Как бы я хотел, чтобы в одном из соседних домов нашёлся какой-нибудь ребёнок моего возраста. Я бы взял его к себе жить. Как бы я хотел провести какой-нибудь телефонный провод или сделать длинную слуховую трубку и разговаривать по ней с этой польской девочкой, которая делает уроки в окне напротив.
Тот мерзкий задира приставал и к ней тоже. Иногда, когда она шла утром в школу, он преграждал ей путь. Он сам никогда не ходил в школу. Я уверен, его просто выгнали отовсюду. Он не трогал и не обзывал её, как других детей, не щипал, не ставил подножки и не доводил её до слёз. Здесь было что-то другое.
Сначала я очень беспокоился за неё из-за этого дурака. Я не понимал до конца, что там у них происходит. Я думал, что в конце концов он и её поколотит, как бил без разбору всех остальных – и мальчиков, и девочек, и маленьких, и больших. Но больших – не больше его самого. Однако со временем я перестал беспокоиться и начал злиться. Иногда я готов был его прикончить. Он мог начать кланяться перед ней, снимая с головы кепку и буквально подметая ею тротуар. При этом он говорил ей что-то такое, что совсем не казалось ей смешным. Мне не было слышно, что именно он говорит. Это всегда было в шумное дневное время. Он преграждал ей путь, но стоило ей повысить на него голос, тут же отступал и давал ей пройти. И, хотя он приставал к ней каждый раз, когда видел её, вёл он себя неожиданно вежливо. Это была какая-то странная, неестественная вежливость. Может быть, и ему тоже, как и мне, нравилась эта девочка. И именно эта мысль злила меня больше всего.
Но иногда мне не хотелось ни читать, ни играть со Снежком, ни наблюдать за польской улицей. Это когда я вдруг начинал думать о моих маме и папе. Я не плакал. Просто залезал в шкаф и думал о самых ужасных и страшных вещах, которые могли произойти. Я завидовал польским детям: им хорошо, они могут свободно играть на улице, у них есть дом и всё такое.
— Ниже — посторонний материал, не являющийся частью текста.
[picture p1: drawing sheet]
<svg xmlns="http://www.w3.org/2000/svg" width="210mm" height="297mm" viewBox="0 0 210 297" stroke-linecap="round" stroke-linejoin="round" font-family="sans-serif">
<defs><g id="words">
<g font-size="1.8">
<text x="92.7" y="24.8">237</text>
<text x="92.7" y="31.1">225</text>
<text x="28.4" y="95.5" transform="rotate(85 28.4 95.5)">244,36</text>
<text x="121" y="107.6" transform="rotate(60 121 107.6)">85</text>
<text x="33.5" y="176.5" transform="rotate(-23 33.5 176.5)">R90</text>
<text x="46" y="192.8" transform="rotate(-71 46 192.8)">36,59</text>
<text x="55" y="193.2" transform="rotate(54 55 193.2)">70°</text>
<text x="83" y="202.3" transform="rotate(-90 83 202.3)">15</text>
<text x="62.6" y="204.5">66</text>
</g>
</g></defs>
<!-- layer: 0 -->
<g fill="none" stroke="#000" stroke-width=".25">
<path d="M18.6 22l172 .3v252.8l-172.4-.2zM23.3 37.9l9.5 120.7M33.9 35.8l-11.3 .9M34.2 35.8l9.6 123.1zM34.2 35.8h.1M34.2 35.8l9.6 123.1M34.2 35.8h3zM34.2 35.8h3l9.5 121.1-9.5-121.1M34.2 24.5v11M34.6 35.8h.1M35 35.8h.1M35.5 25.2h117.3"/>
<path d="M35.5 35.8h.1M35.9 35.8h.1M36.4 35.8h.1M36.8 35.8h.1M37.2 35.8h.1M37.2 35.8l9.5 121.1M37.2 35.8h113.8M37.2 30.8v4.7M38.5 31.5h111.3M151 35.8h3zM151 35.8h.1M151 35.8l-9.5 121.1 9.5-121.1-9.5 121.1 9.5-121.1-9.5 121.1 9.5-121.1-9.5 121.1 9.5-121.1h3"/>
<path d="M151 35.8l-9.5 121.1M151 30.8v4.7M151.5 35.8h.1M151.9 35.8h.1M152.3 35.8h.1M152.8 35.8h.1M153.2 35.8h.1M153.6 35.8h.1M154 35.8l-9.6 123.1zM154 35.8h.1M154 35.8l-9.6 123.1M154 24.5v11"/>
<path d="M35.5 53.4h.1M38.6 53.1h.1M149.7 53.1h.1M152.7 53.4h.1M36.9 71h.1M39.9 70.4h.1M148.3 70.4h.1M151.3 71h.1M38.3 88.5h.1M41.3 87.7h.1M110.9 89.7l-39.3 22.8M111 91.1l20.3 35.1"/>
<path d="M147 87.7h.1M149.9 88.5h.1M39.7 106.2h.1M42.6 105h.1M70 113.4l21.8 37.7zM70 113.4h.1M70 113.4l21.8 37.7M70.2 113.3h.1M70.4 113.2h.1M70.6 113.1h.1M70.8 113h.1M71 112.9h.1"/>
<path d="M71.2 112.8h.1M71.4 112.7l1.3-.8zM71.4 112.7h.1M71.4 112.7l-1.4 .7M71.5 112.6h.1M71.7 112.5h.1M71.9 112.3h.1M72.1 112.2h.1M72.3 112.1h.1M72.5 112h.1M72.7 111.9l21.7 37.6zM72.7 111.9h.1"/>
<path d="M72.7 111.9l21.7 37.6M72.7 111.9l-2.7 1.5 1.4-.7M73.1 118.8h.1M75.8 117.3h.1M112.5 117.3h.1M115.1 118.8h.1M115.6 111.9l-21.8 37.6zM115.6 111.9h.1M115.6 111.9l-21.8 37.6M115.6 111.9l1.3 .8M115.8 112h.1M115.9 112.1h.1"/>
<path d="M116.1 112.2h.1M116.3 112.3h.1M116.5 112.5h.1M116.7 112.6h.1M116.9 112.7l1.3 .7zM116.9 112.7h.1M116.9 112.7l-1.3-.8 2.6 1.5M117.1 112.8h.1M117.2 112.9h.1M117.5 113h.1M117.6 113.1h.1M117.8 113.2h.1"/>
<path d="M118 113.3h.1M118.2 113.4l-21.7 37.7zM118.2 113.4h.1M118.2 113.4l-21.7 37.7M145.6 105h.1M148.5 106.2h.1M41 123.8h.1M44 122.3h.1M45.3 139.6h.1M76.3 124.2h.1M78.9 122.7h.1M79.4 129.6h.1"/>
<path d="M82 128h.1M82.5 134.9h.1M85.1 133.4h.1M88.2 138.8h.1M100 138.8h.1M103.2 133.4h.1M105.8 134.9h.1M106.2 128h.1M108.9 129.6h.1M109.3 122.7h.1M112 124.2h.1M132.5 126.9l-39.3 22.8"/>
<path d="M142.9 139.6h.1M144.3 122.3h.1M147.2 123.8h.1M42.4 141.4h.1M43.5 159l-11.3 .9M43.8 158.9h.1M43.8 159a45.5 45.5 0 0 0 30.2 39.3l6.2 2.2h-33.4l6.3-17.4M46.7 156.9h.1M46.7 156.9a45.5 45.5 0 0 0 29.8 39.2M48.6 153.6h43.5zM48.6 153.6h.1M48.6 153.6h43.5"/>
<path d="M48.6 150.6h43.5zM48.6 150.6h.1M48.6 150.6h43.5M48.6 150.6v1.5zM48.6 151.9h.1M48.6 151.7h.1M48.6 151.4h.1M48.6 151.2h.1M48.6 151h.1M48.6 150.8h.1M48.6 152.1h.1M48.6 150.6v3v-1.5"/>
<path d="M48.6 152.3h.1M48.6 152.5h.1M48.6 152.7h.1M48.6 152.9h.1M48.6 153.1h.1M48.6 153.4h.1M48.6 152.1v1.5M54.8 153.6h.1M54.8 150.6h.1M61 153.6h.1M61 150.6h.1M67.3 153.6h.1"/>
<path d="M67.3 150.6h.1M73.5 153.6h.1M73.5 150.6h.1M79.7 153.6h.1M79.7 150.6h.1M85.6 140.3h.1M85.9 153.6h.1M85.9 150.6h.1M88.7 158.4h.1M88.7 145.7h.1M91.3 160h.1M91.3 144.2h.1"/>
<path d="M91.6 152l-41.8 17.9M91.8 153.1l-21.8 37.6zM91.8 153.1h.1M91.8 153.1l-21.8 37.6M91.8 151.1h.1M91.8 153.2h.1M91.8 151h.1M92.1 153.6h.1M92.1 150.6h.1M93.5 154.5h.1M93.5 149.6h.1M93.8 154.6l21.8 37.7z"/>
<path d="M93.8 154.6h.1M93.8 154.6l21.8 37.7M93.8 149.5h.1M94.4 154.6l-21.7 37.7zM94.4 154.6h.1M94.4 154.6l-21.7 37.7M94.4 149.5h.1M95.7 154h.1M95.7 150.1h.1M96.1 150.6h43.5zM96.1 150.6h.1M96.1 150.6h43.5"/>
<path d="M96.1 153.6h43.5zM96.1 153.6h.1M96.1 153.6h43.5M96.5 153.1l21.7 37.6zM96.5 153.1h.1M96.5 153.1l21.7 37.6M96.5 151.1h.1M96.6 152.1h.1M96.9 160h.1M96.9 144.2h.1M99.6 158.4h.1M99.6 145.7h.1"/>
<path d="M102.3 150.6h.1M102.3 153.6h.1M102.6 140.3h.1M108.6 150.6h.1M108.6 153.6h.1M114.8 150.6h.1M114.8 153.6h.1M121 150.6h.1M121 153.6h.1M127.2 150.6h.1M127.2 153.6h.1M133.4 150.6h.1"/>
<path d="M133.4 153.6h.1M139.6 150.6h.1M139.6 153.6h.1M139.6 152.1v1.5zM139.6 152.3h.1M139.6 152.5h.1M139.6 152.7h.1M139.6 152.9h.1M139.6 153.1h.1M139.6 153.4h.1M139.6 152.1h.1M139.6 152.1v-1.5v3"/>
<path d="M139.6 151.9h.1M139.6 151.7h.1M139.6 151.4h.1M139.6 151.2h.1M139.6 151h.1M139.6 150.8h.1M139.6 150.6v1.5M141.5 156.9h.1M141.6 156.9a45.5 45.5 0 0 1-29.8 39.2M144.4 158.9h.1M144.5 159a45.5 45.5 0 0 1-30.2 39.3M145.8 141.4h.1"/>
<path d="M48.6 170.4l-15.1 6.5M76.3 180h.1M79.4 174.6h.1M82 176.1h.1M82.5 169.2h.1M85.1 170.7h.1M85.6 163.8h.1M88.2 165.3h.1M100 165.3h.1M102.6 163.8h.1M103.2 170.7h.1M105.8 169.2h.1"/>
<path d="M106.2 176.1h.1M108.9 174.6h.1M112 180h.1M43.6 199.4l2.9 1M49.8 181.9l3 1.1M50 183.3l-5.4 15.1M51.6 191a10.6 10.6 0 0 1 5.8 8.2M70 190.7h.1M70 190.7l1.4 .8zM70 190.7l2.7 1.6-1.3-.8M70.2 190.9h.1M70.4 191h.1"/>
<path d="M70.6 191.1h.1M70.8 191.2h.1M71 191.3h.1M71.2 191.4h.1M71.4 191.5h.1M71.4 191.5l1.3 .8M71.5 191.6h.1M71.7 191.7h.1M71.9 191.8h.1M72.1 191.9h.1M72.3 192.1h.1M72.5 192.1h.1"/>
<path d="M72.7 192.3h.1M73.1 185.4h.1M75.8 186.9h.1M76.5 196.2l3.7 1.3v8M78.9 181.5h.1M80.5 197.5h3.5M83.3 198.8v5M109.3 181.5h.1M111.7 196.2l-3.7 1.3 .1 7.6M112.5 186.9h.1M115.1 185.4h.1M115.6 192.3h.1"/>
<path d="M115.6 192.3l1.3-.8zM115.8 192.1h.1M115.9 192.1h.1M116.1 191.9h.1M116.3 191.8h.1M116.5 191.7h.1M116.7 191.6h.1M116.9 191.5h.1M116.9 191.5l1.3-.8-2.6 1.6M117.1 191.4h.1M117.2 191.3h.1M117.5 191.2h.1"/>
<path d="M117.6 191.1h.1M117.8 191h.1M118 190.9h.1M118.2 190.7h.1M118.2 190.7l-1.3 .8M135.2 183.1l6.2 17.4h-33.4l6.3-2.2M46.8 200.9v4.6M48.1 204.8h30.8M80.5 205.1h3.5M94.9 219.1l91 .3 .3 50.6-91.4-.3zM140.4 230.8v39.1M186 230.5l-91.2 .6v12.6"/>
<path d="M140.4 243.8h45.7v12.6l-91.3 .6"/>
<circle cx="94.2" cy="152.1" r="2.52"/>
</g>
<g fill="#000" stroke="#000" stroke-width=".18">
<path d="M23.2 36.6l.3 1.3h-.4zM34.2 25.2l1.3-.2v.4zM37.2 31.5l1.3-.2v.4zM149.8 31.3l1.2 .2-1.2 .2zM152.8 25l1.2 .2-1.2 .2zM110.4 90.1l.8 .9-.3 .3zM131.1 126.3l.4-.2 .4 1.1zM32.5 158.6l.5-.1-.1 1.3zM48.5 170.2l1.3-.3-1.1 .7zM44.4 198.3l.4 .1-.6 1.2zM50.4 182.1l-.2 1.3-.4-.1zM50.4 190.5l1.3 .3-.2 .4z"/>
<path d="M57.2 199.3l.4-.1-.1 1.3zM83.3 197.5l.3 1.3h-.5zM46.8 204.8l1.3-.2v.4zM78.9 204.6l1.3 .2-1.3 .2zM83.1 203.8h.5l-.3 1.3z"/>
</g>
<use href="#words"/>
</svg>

Но потом я вспоминал о тех детях, которые не так давно жили вместе со мной в общежитии на фабрике. И тогда я понимал, что у меня нет права жаловаться. К тому же я здесь не просто так – я жду папу.
13. Восстание
Сначала я запаниковал. С утра вдруг услышал, как по улицам ведут людей. Их вели большими группами, к площади, откуда увозят навсегда. Точно так же, группу за группой, вели всех и тогда, когда расселяли гетто бет и гетто, где мы жили.
Это продолжалось два дня. Люди всё шли и шли. У меня не хватало смелости выглянуть наружу. Я слышал, как они приближаются по улице, проходят мимо ворот и удаляются. Иногда доносились крики и детский плач.
На третий день рано утром, как раз когда сумасшедшая начала вытряхивать свои одеяла, раздались выстрелы. Сначала я даже не обратил на них внимания, но выстрелы участились и теперь раздавались один за другим. Потом они стихли и вдруг возобновились совсем в другом месте. Потом снова стало тихо, и снова началась стрельба где-то уже рядом.
Каждый раз при звуке выстрелов тот мерзкий хулиган с польской улицы начинал кричать: «Жидов кончают! Жидов кончают!»